Les données obtenues in vivo indiquent que le millepertuis (Hypericum perforatum) peut induire le système enzymatique du cytochrome P450 3A4. Il est théoriquement possible que l’administration simultanée de millepertuis puisse diminuer les taux plasmatiques de sulfate de morphine et que ces taux puissent s’accroître à nouveau lorsque la prise de millepertuis est interrompue.

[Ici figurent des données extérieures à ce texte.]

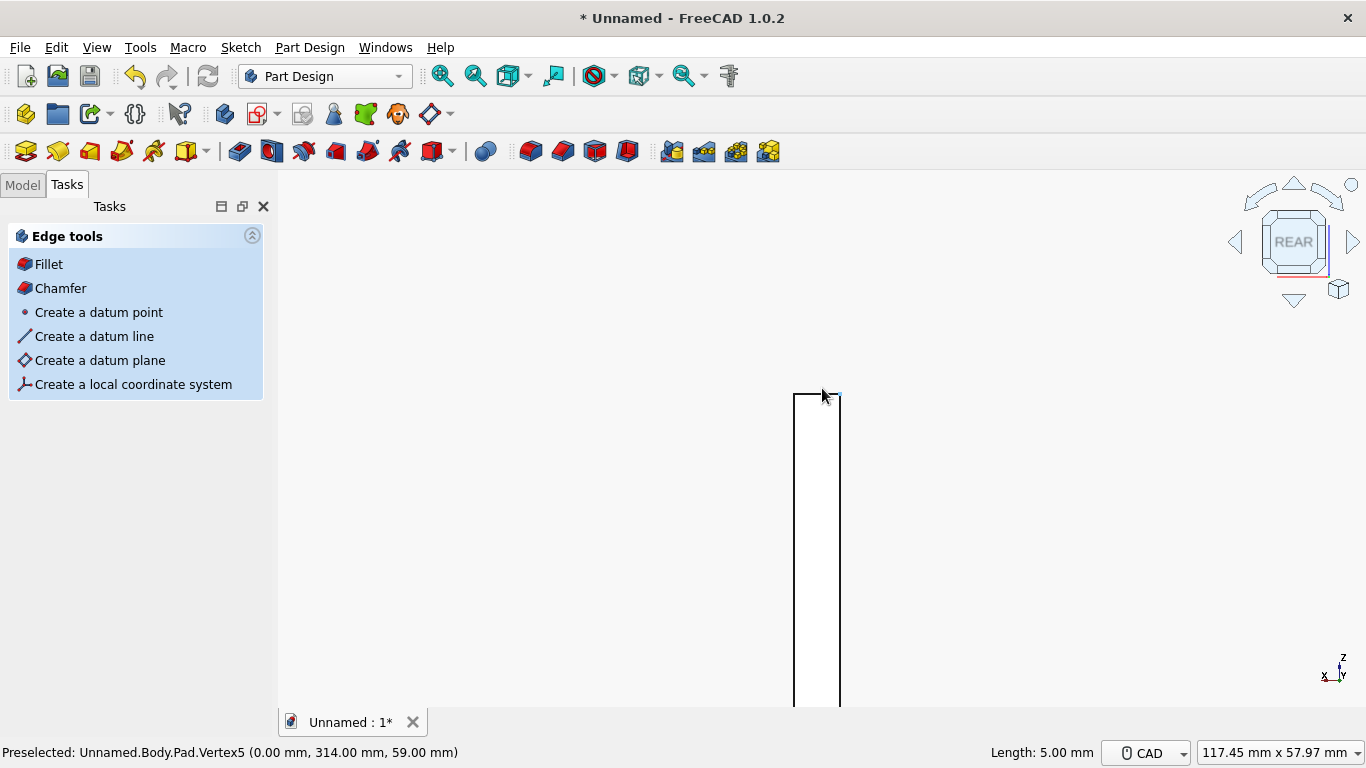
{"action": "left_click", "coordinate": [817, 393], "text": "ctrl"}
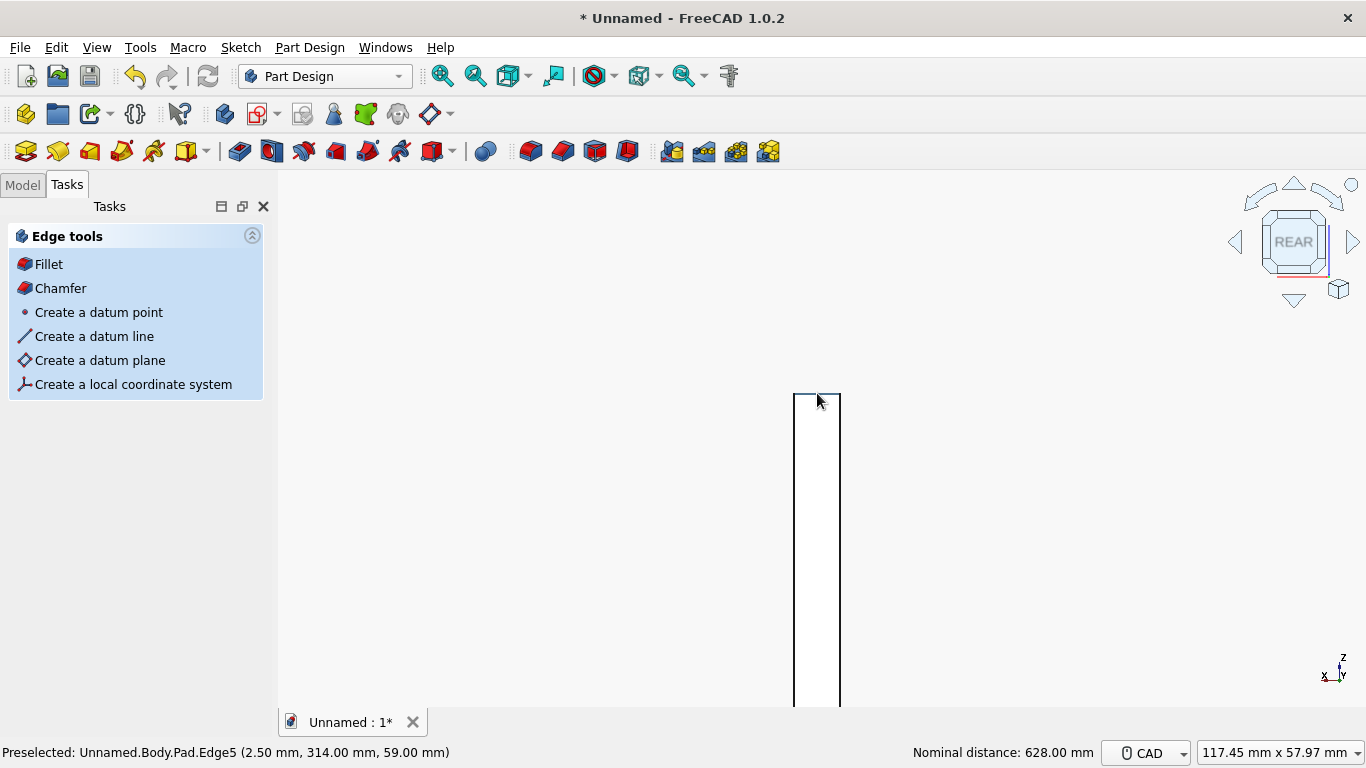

Les données obtenues in vitro indiquent que la présence d’alcool dans le tractus gastro-intestinal accélère la libération de morphine à partir des granulés à effet retard qui se trouvent dans les capsules (cf. «Mises en garde et précautions»).

Grossesse, Allaitement

Grossesse

La morphine passe la barrière placentaire. Les expériences sur l’animal ont mis en évidence des lésions chez la descendance avec de la morphine administrée à haute dose (voir «Données précliniques»). On ne dispose pas de données suffisantes chez l'être humain qui permettraient d'évaluer de manière concluante un risque tératogène possible. Chez l’être humain, il existe une possible association avec une prévalence accrue de hernies inguinales.

Lorsque la morphine est administrée avant ou pendant l’accouchement, elle peut en outre inhiber la capacité contractile de l’utérus et raccourcir les contractions par une dilatation accrue du col de l’utérus. Comme la morphine passe la barrière placentaire, elle peut conduire à une dépression respiratoire chez le nouveau-né. Les nouveau-nés, dont les mères ont été traitées avec des analgésiques opiacés pendant l’accouchement, doivent être surveillés fréquemment pour des signes de dépression respiratoire. Les nouveau-nés, dont les mères ont été traitées avec des analgésiques opiacés pendant la grossesse, doivent être surveillés sur les signes de syndrome de sevrage néonatal (syndrome d’abstinence). Le traitement peut inclure l’administration d’un opiacé et d’un traitement de soutien.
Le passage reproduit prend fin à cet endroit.